■ RECORDS SHOWN:
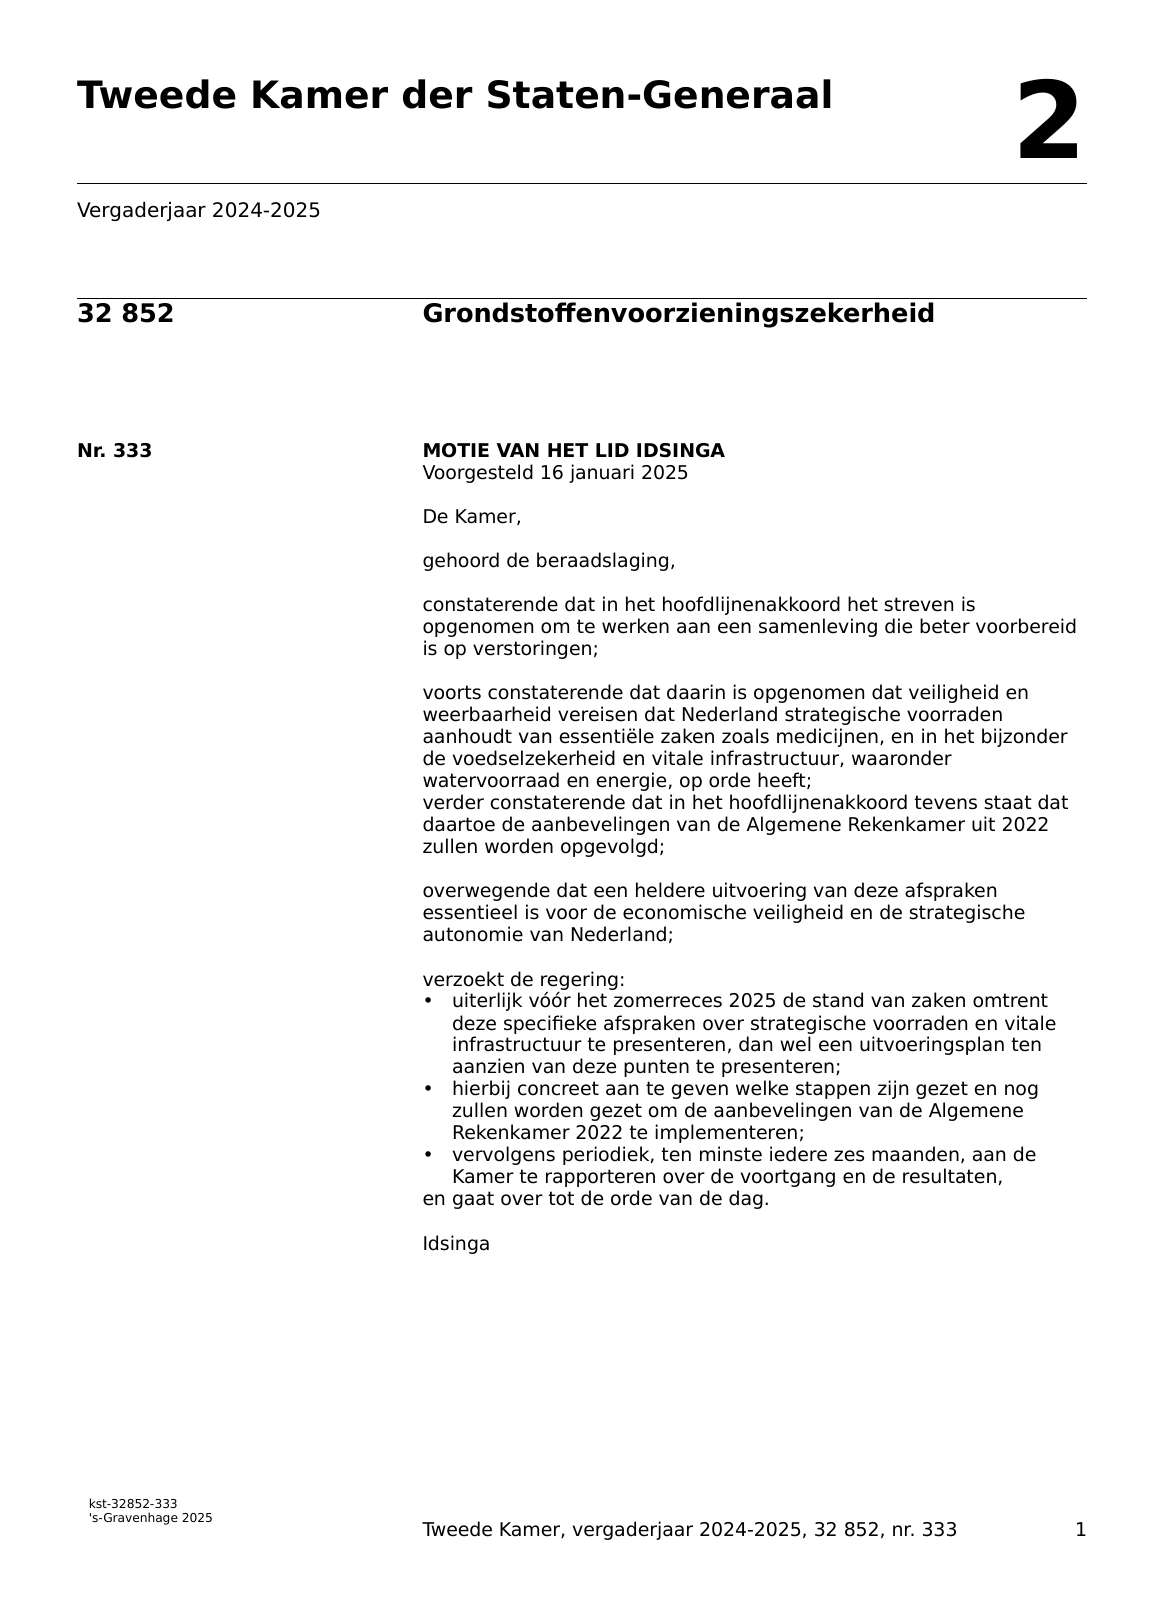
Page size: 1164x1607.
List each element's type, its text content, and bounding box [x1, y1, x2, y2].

subtitle Nr. 333 MOTIE VAN HET LID IDSINGA [77, 440, 1087, 462]
table_header Tweede Kamer der Staten-Generaal [77, 59, 886, 183]
subtitle 32 852 Grondstoffenvoorzieningszekerheid [77, 299, 1087, 329]
text overwegende dat een heldere uitvoering van deze afspraken essentieel is voor de economische veiligheid en de strategische autonomie van Nederland; [422, 880, 1087, 946]
text en gaat over tot de orde van de dag. [422, 1188, 1087, 1210]
text kst-32852-333 [88, 1497, 323, 1511]
table_cell Vergaderjaar 2024-2025 [77, 184, 1087, 298]
text gehoord de beraadslaging, [422, 550, 1087, 572]
text • uiterlijk vóór het zomerreces 2025 de stand van zaken omtrent deze specifieke afspraken over strategische voorraden en vitale infrastructuur te presenteren, dan wel een uitvoeringsplan ten aanzien van deze punten te presenteren; [422, 990, 1087, 1078]
text verder constaterende dat in het hoofdlijnenakkoord tevens staat dat daartoe de aanbevelingen van de Algemene Rekenkamer uit 2022 zullen worden opgevolgd; [422, 792, 1087, 858]
text Voorgesteld 16 januari 2025 [422, 462, 1087, 484]
table_header 2 [886, 59, 1087, 183]
text constaterende dat in het hoofdlijnenakkoord het streven is opgenomen om te werken aan een samenleving die beter voorbereid is op verstoringen; [422, 594, 1087, 660]
text • hierbij concreet aan te geven welke stappen zijn gezet en nog zullen worden gezet om de aanbevelingen van de Algemene Rekenkamer 2022 te implementeren; [422, 1078, 1087, 1144]
text Idsinga [422, 1232, 1087, 1254]
text 's-Gravenhage 2025 [88, 1511, 323, 1525]
text • vervolgens periodiek, ten minste iedere zes maanden, aan de Kamer te rapporteren over de voortgang en de resultaten, [422, 1144, 1087, 1188]
text voorts constaterende dat daarin is opgenomen dat veiligheid en weerbaarheid vereisen dat Nederland strategische voorraden aanhoudt van essentiële zaken zoals medicijnen, en in het bijzonder de voedselzekerheid en vitale infrastructuur, waaronder watervoorraad en energie, op orde heeft; [422, 682, 1087, 792]
text De Kamer, [422, 506, 1087, 528]
text verzoekt de regering: [422, 968, 1087, 990]
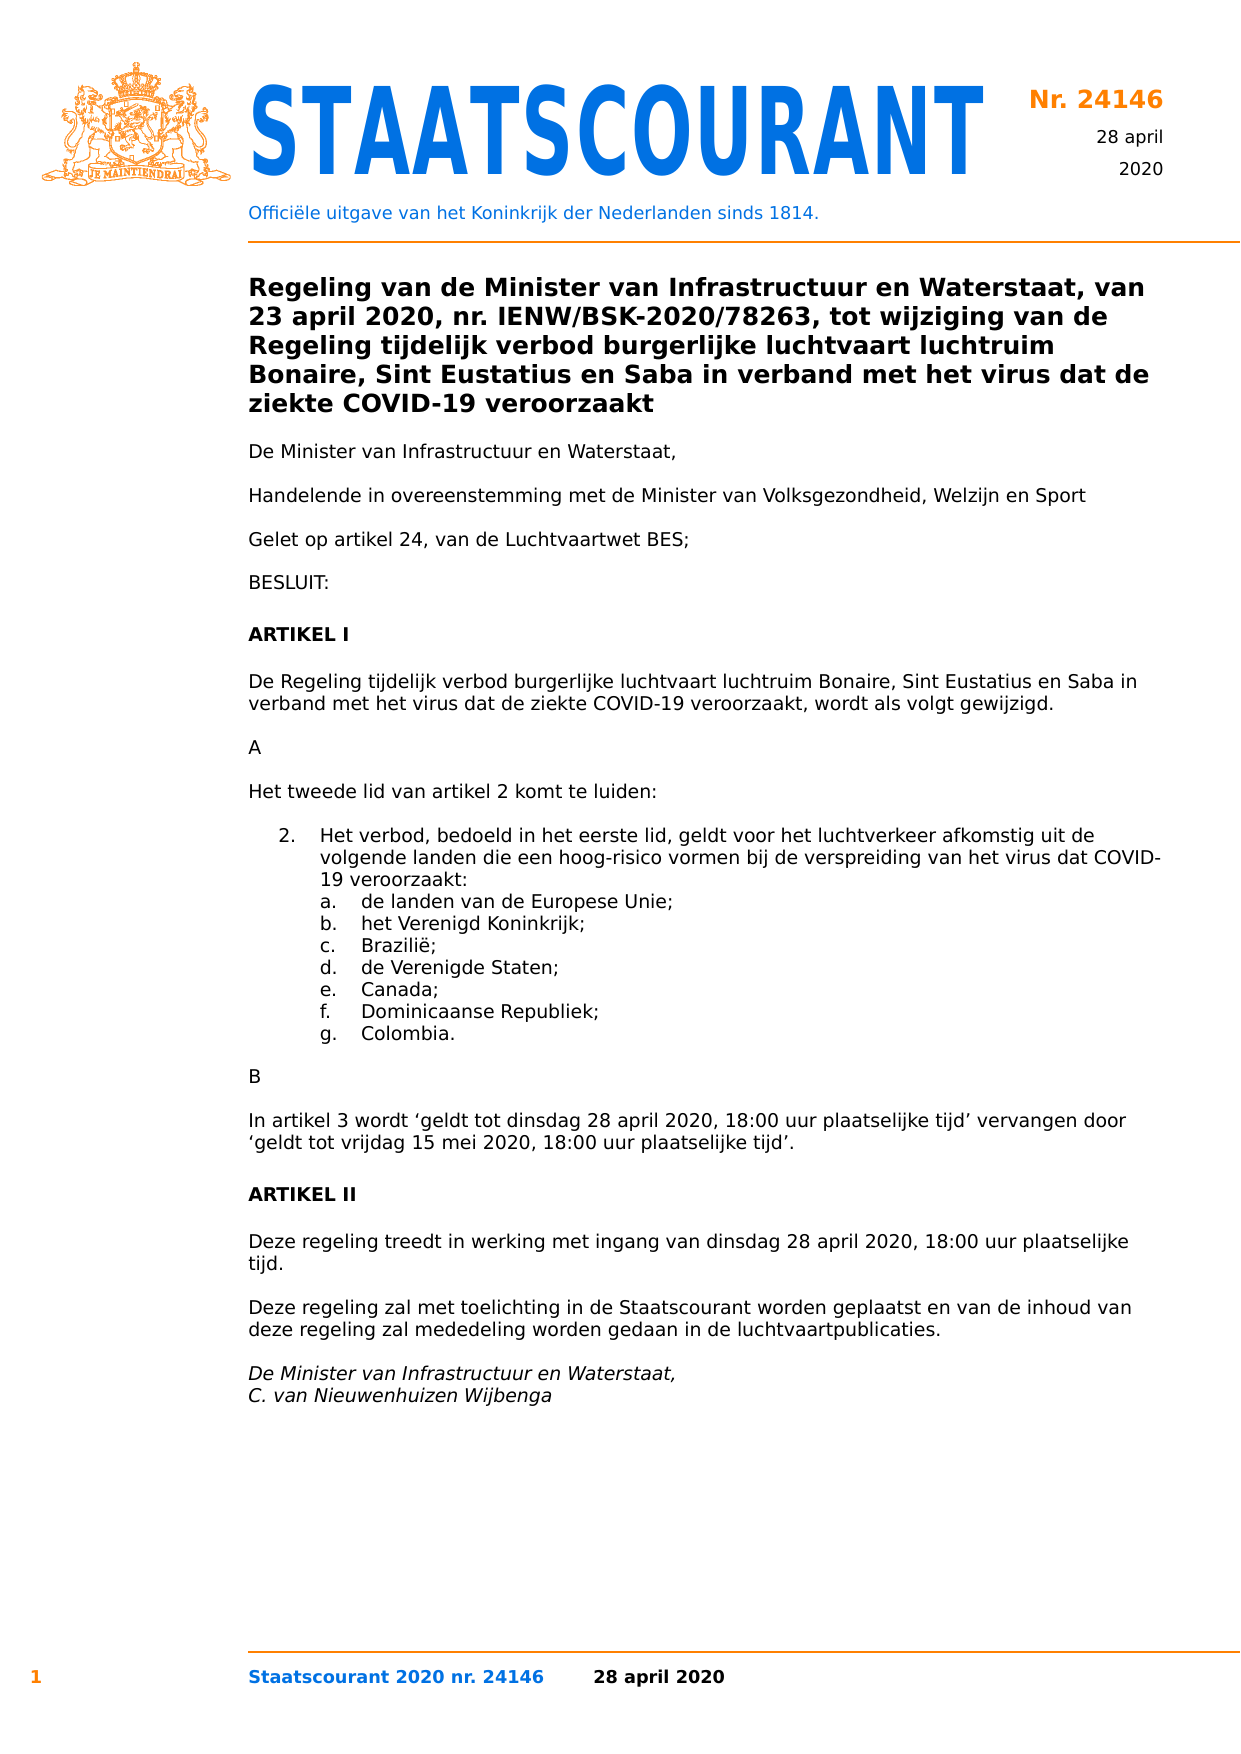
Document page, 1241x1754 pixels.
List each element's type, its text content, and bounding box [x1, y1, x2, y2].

text Handelende in overeenstemming met de Minister van Volksgezondheid, Welzijn en Sport [248, 484, 1163, 507]
subtitle ARTIKEL II [248, 1184, 1163, 1206]
table_cell 28 april [998, 121, 1240, 153]
subtitle Regeling van de Minister van Infrastructuur en Waterstaat, van 23 april 2020, nr. IENW/BSK-2020/78263, tot wijziging van de Regeling tijdelijk verbod burgerlijke luchtvaart luchtruim Bonaire, Sint Eustatius en Saba in verband met het virus dat de ziekte COVID-19 veroorzaakt [248, 273, 1163, 419]
text In artikel 3 wordt ‘geldt tot dinsdag 28 april 2020, 18:00 uur plaatselijke tijd’ vervangen door ‘geldt tot vrijdag 15 mei 2020, 18:00 uur plaatselijke tijd’. [248, 1110, 1163, 1154]
text Deze regeling zal met toelichting in de Staatscourant worden geplaatst en van de inhoud van deze regeling zal mededeling worden gedaan in de luchtvaartpublicaties. [248, 1297, 1163, 1341]
text c. Brazilië; [319, 935, 1163, 957]
table_cell Officiële uitgave van het Koninkrijk der Nederlanden sinds 1814. [248, 203, 1240, 241]
text g. Colombia. [319, 1023, 1163, 1044]
table_header Nr. 24146 [998, 62, 1240, 121]
text A [248, 737, 1163, 759]
table_cell 2020 [998, 153, 1240, 203]
text b. het Verenigd Koninkrijk; [319, 913, 1163, 935]
text Gelet op artikel 24, van de Luchtvaartwet BES; [248, 528, 1163, 550]
table_header STAATSCOURANT [248, 62, 998, 203]
text d. de Verenigde Staten; [319, 957, 1163, 979]
picture [41, 62, 231, 186]
text f. Dominicaanse Republiek; [319, 1001, 1163, 1023]
table_header [25, 62, 248, 241]
text De Minister van Infrastructuur en Waterstaat, C. van Nieuwenhuizen Wijbenga [248, 1363, 1163, 1407]
text B [248, 1066, 1163, 1088]
text De Minister van Infrastructuur en Waterstaat, [248, 441, 1163, 463]
text e. Canada; [319, 979, 1163, 1001]
text Deze regeling treedt in werking met ingang van dinsdag 28 april 2020, 18:00 uur plaatselijke tijd. [248, 1231, 1163, 1275]
text De Regeling tijdelijk verbod burgerlijke luchtvaart luchtruim Bonaire, Sint Eustatius en Saba in verband met het virus dat de ziekte COVID-19 veroorzaakt, wordt als volgt gewijzigd. [248, 671, 1163, 715]
text 2. Het verbod, bedoeld in het eerste lid, geldt voor het luchtverkeer afkomstig uit de volgende landen die een hoog-risico vormen bij de verspreiding van het virus dat COVID-19 veroorzaakt: [278, 825, 1163, 891]
subtitle ARTIKEL I [248, 624, 1163, 646]
text BESLUIT: [248, 572, 1163, 594]
text a. de landen van de Europese Unie; [319, 891, 1163, 913]
text Het tweede lid van artikel 2 komt te luiden: [248, 781, 1163, 803]

■ WORK INSTRUCTIONS:
Copy out each line of the data where the string "afspraken" appears.

■ RESULT OF THIS EXERCISE:
text overwegende dat een heldere uitvoering van deze afspraken essentieel is voor de economische veiligheid en de strategische autonomie van Nederland; [422, 880, 1087, 946]
text • uiterlijk vóór het zomerreces 2025 de stand van zaken omtrent deze specifieke afspraken over strategische voorraden en vitale infrastructuur te presenteren, dan wel een uitvoeringsplan ten aanzien van deze punten te presenteren; [422, 990, 1087, 1078]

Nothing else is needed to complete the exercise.